We find that this treatment helps improve our models’ training stability. As a final step, we apply a low-cut filter to remove nearly inaudible low frequencies below 35 Hz and normalize the waveforms to have a maximum absolute value of 0.95. For simulation of low-quality recordings, we source room impulse responses from the DNS Challenge dataset and realistic background noise from the ACE Challenge dataset. Using the procedure described in Section 3.2, we generate a dataset of high- and low-quality recording pairs. This sample rate has shown to be favored by most speech enhancement work and can be potentially super-resolved to 48 kHz with bandwidth extension techniques. We start by downsampling our data to 16 kHz following the setup of prior vocoding work.

We use 5841 samples for training, 3494 for validation and the rest for testing. We exclude the distorted electric guitar samples to avoid fitting our models to production effects.
Sound normalizer 2.98 professional#
We train and evaluate models on the Medley-solos-DB dataset, containing 21,572 three-second, single-instrument samples recorded in professional studios. Therefore, we aim to develop a solution that works for polyphonic signal enhancement and reflects the unique qualities of music perception.

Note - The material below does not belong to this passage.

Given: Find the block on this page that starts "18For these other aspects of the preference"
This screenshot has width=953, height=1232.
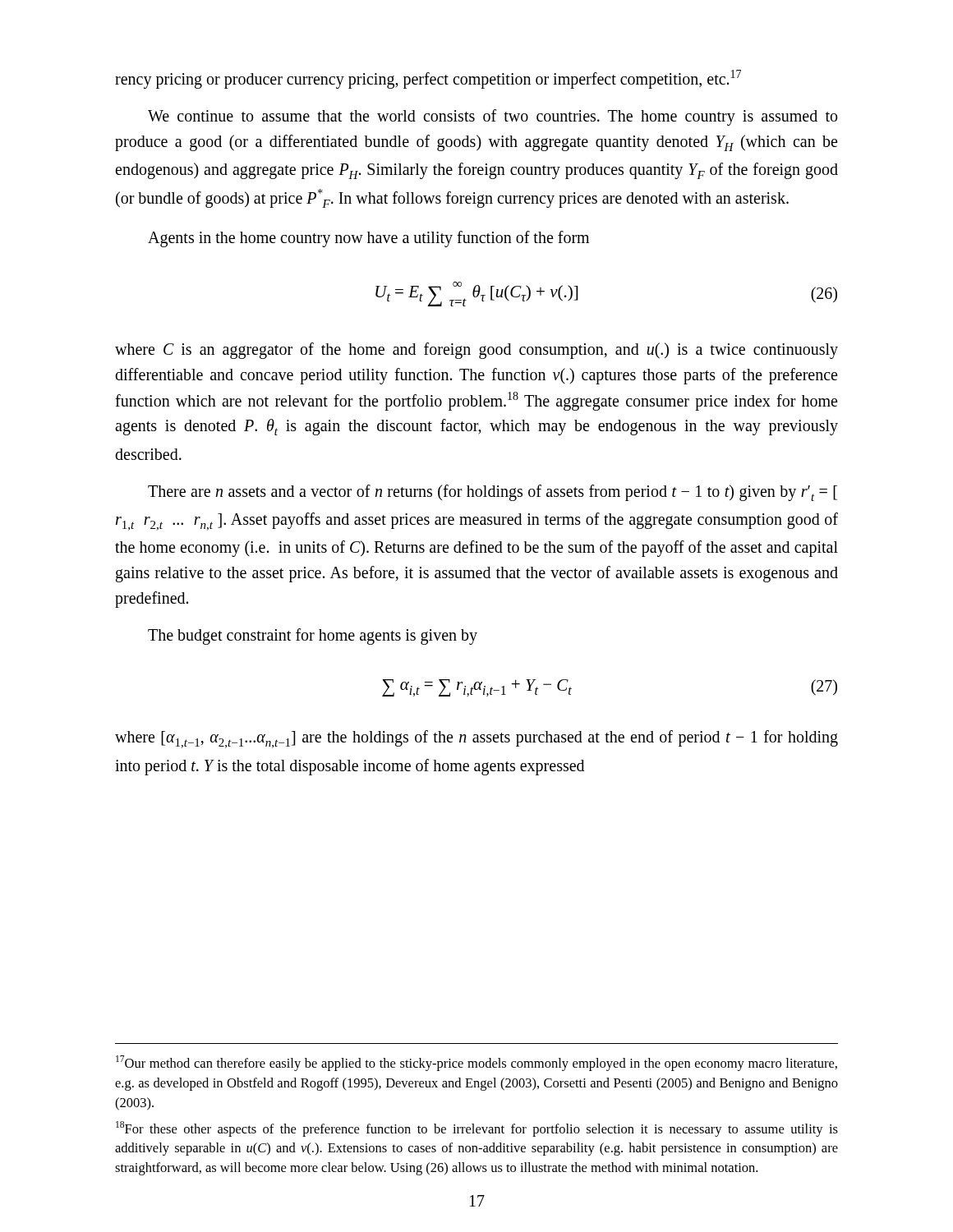Looking at the screenshot, I should tap(476, 1147).

Moreover, the perception of music quality typically differs from that of speech.įor example, human listeners may find reverb pleasant in music, while it is usually undesired in speech.

However, music signals are often polyphonic, i.e., there can be an arbitrary number of sources to be extracted at once. In speech enhancement, end-to-end methods such as HiFi-GAN and Demucs achieve this by extracting the speech source from a mixture of sources. A solution that faithfully transforms a low-quality recording into what it would sound like recorded professionally must implicitly or explicitly infer all of these aspects from the signal alone. Additionally, acoustic properties such as the size, shape, and reflectivity of the recording environment vary between different recording setups.įinally, background noise is hard to capture and generalize, especially non-stationary noise. Parameters of the recording device, such as frequency response characteristics, vary drastically across different hardware. The main difficulty of such an endeavor is that so many aspects of the low-quality recording setup are unknown.